I push past him, but his arm flies out to stop me. With his other hand, he grabs his crotch. “What will your daddy give me for this? Or maybe you and I can discuss its value.”

“Or maybe I can show it the barrel of one of our many in-stock shotguns.” I plaster a smile on my face as I wiggle my pinkie for emphasis. “If I recall, it should slide ride in.”

Hugo’s face darkens as he moves away from the door. “Bitch.”

“Good to catch up!” I call after him sweetly from the doorway.

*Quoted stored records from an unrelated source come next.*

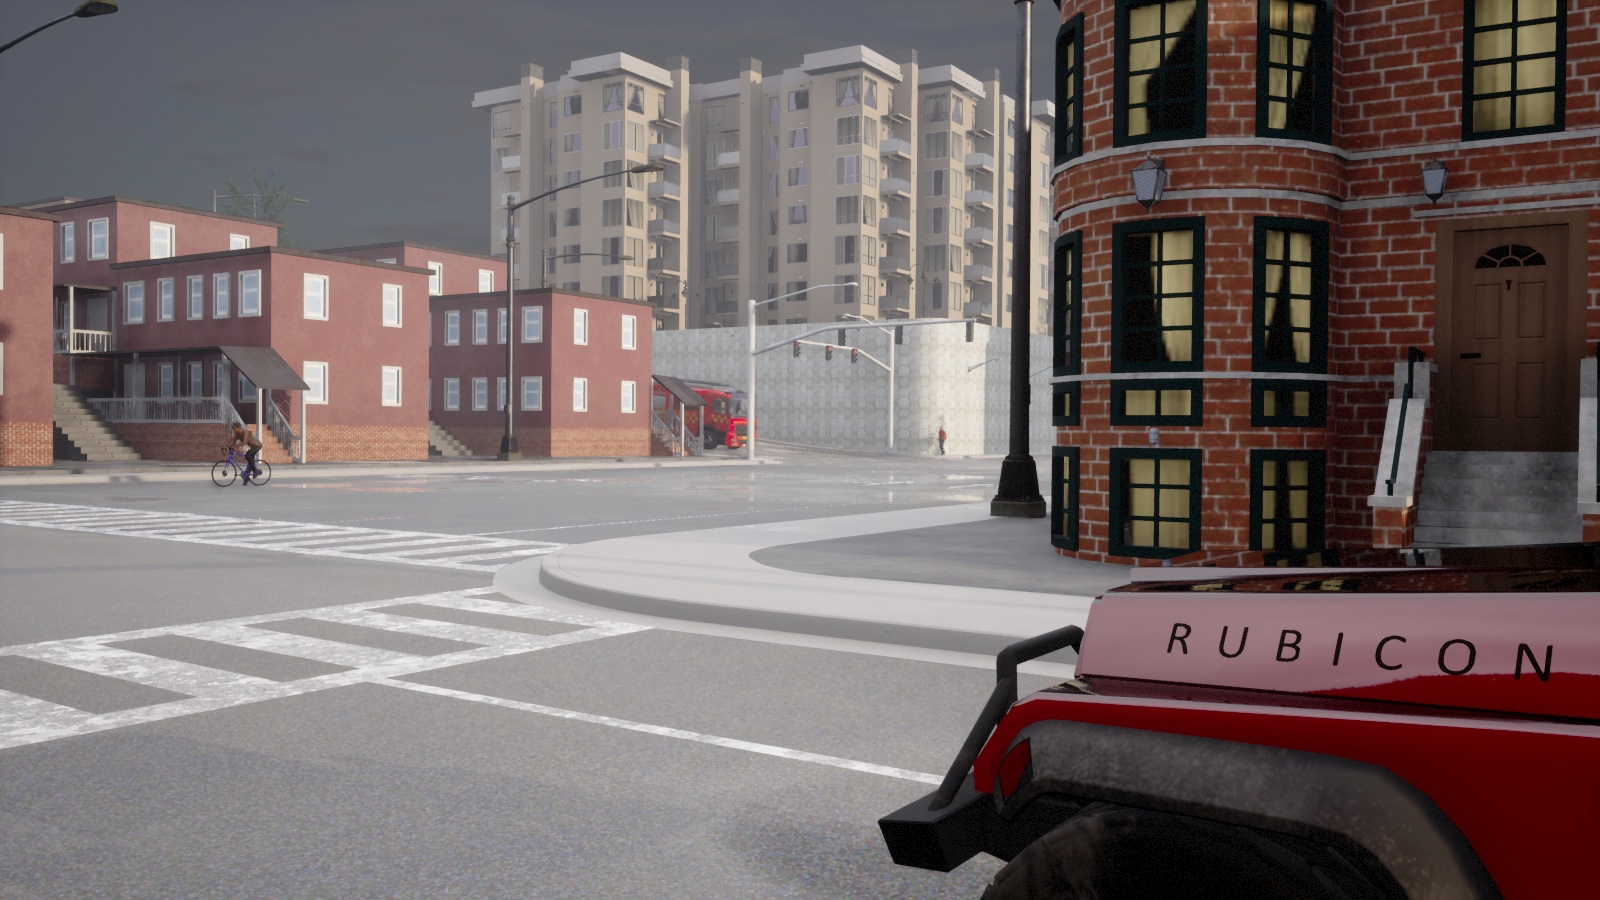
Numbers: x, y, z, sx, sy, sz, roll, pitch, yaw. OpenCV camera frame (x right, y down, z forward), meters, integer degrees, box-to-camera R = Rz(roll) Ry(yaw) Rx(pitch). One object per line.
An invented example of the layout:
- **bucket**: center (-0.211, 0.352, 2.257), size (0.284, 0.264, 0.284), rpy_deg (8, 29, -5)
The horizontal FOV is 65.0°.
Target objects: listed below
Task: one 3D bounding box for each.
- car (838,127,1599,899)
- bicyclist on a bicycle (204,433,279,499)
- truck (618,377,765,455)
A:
- **car**: center (2.219, 0.478, 2.153), size (3.866, 1.878, 1.905), rpy_deg (0, 1, 33)
- **bicyclist on a bicycle**: center (-14.082, 0.379, 31.706), size (0.582, 1.620, 1.656), rpy_deg (0, 1, 33)
- **truck**: center (-6.516, -2.077, 74.449), size (8.468, 3.827, 2.891), rpy_deg (7, 5, 33)

Mr. Hunter doesn’t look at me as I rush into the room to the sound of the final bell. “Nice of you to join us, Miss Southerly.”

I slide Great Expectations out of my bag and hold it up. “I couldn’t stop reading. I didn’t get any sleep.”

Mr. Hunter has apparently read Dickens because he presses his lips together in disbelief. He probably watched the movie, too, but he doesn’t push my tardiness. I slump in my seat as he starts a discussion on whether or not Pip’s benefactor did him a favor. Apparently, he didn’t get the memo that it’s the last day of school. Since I thought the story was stupid—a poor kid trying to impress a rich girl—I stare at the wood-paneling some board member sprung for during the academy’s renovation. The result is all Vegas. Oak paneling, bookcases full of dusty leather-bound volumes—a show meant to trick over-qualified teachers and elite college recruiters into thinking that the students here are as competitive as east coast prep students.